**About this task:** Copy out, from the entries below, each line holding the string "NULL".

**Supplied records:**
┏━━
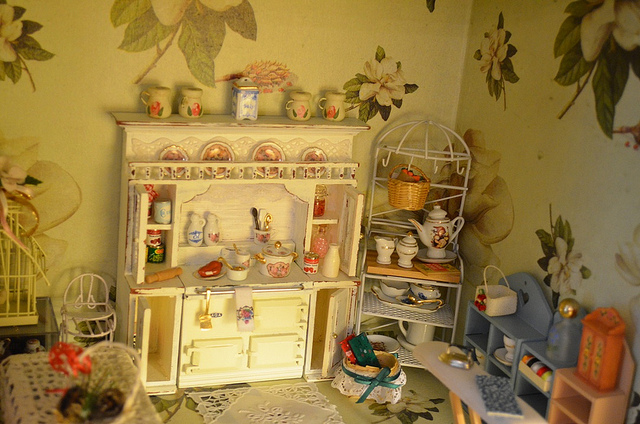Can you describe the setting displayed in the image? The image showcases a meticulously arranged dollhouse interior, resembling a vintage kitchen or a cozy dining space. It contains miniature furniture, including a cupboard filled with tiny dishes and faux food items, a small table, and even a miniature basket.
┗━━
┏━━
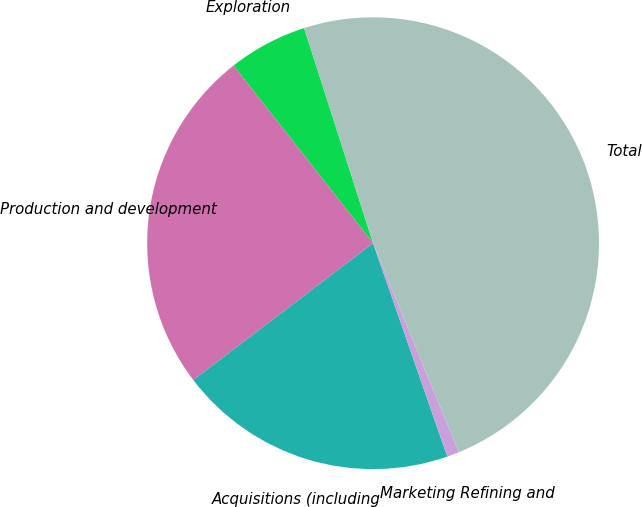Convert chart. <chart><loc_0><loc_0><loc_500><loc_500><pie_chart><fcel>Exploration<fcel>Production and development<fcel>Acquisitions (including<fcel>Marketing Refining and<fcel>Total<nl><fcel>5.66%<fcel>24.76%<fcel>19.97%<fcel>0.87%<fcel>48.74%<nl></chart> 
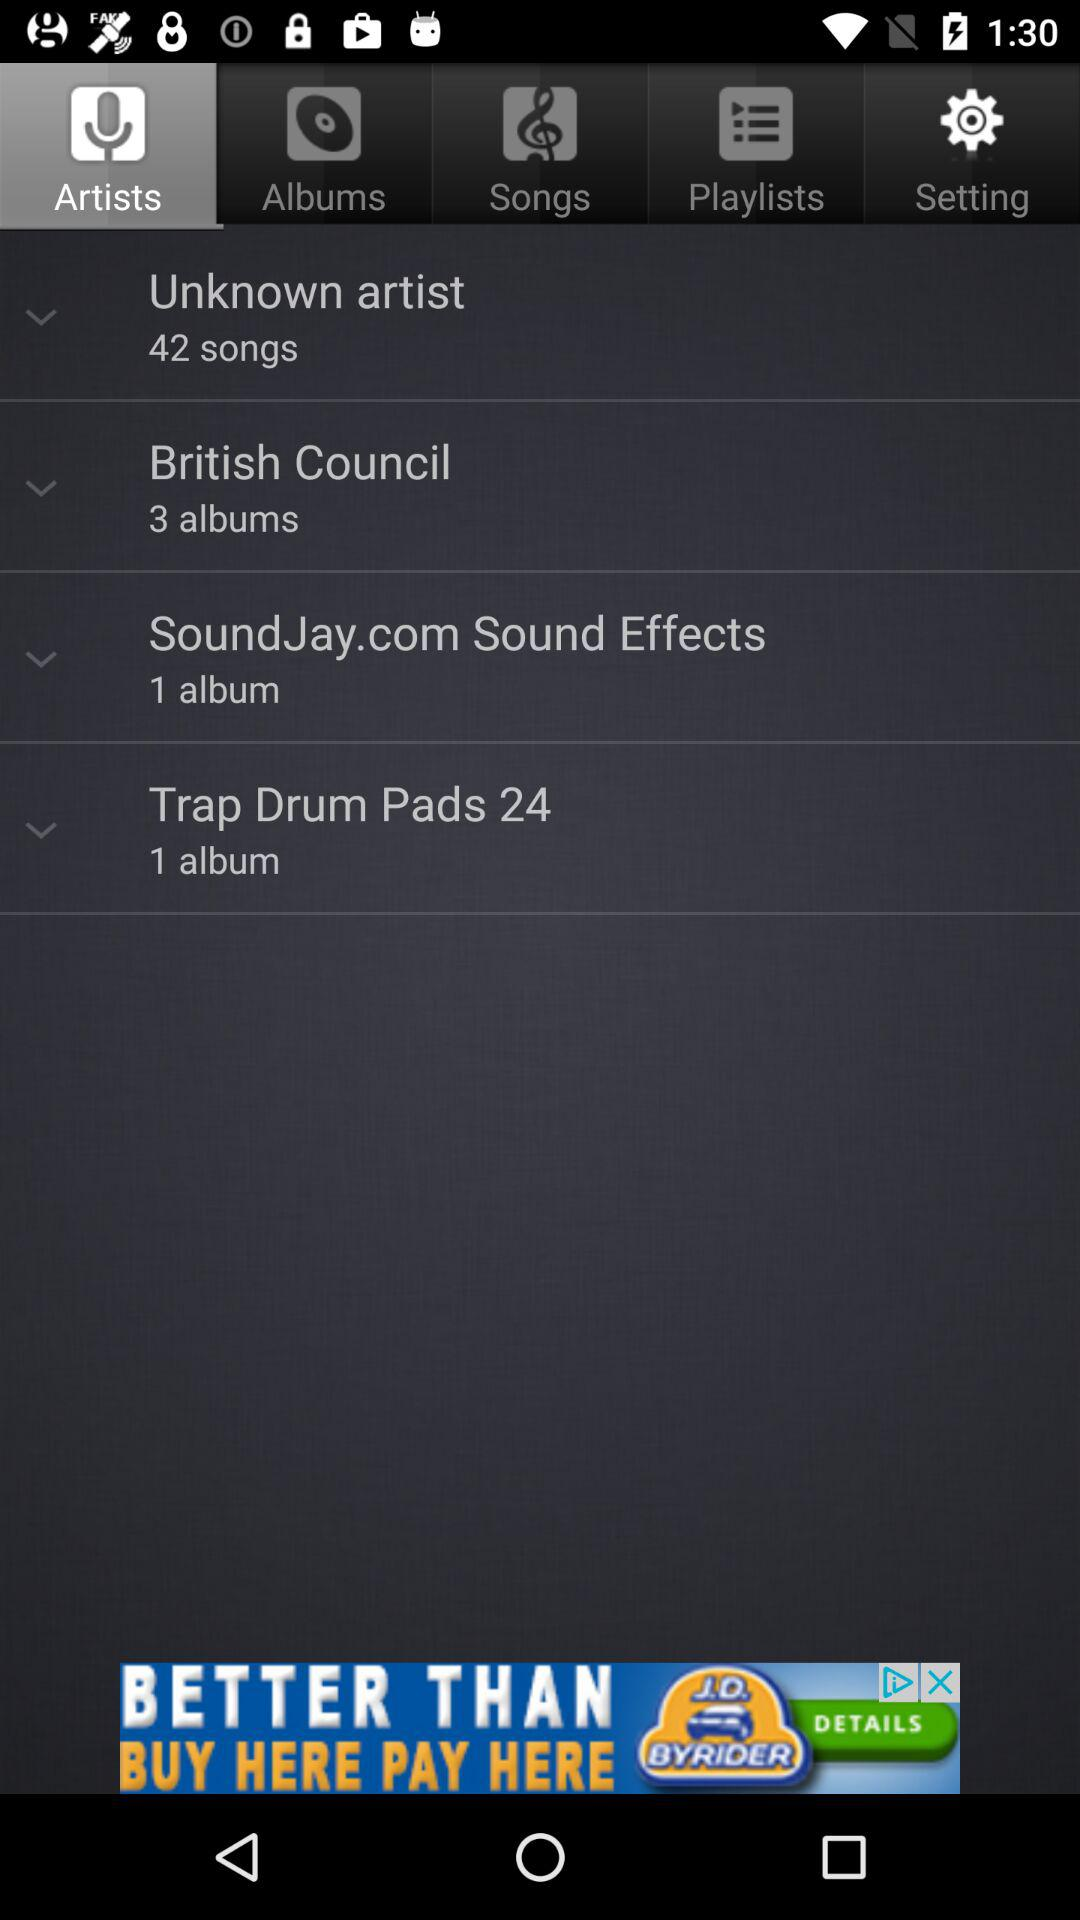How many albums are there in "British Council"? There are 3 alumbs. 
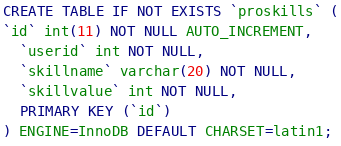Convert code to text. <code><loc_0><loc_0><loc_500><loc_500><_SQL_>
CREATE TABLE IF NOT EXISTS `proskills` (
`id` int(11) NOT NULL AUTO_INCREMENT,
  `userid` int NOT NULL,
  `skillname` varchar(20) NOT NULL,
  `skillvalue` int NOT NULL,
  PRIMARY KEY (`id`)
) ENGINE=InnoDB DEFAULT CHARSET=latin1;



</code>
┗━━
**Response area:**
`id` int(11) NOT NULL AUTO_INCREMENT,
  `userid` int NOT NULL,
  `skillname` varchar(20) NOT NULL,
  `skillvalue` int NOT NULL,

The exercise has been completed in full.